The Loss of the Jane Vosper
- First edition
- Author: Freeman Wills Crofts
- Language: English
- Series: Inspector French
- Genre: Detective
- Publisher: Collins Crime Club (UK) Dodd, Mead (US)
- Publication date: 1936
- Publication place: United Kingdom
- Media type: Print
- Preceded by: Crime at Guildford
- Followed by: Man Overboard!

= The Loss of the Jane Vosper =

1936 novel

The Loss of the Jane Vosper (also written as The Loss of the 'Jane Vosper') is a 1936 detective novel by Freeman Wills Crofts. It is the fourteenth in his series of novels featuring Inspector French, a Scotland Yard detective of the Golden Age known for his thorough technique. It particularly dwells on the process of police procedure.

Comparing the novel to Margery Allingham's latest release Flowers for the Judge in his review for The Spectator, Cecil Day-Lewis writing under his pen name of Nicholas Blake commented "Mr. Crofts’s new book is excellent too. The loss at sea of the Jane Vosper, holed by mysterious explosions in the cargo, is so vividly described, indeed, that the sequel seems a little flat".

==Synopsis==
During a trip from England to South America, the cargo ship Jane Vosper suffers from four mysterious explosions in her hull and the crew abandon ship shortly before she sinks. The insurance company covering an expensive part of the cargo are far from satisfied and before they pay out the £100,000 owed they engage Sutton, a trusted private detective, to investigate. When Sutton disappears a few days later Scotland Yard is called for and French takes over the case.

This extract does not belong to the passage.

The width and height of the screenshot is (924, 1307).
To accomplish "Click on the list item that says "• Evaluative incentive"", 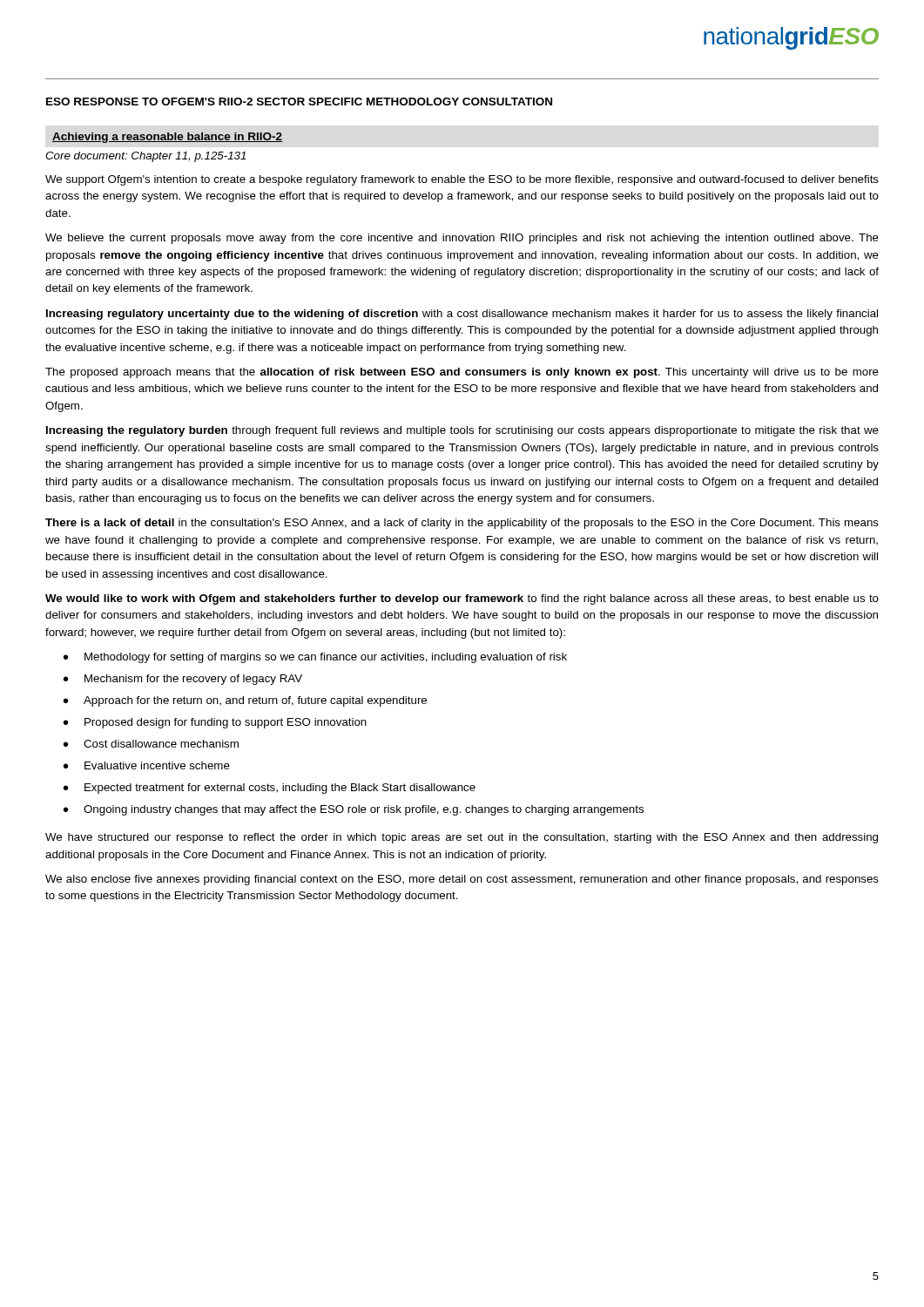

He traces the delivery of the valuable cargo from the Watford factory to the Pool of London where they were loaded onto the Jane Vosper. At first he can find no evidence either of a deliberate attempt to sink the Jane Vosper, or to murder Sutton. Eventually, with his customary painstaking work he discovers a plot linking stolen explosives from a quarry in Wales to a shed in the City of London where Sutton's buried body is found. It only now requires him to track down and arrest all those responsible.

==Bibliography==
- Evans, Curtis. Masters of the "Humdrum" Mystery: Cecil John Charles Street, Freeman Wills Crofts, Alfred Walter Stewart and the British Detective Novel, 1920-1961. McFarland, 2014.
- Herbert, Rosemary. Whodunit?: A Who's Who in Crime & Mystery Writing. Oxford University Press, 2003.
- Reilly, John M. Twentieth Century Crime & Mystery Writers. Springer, 2015.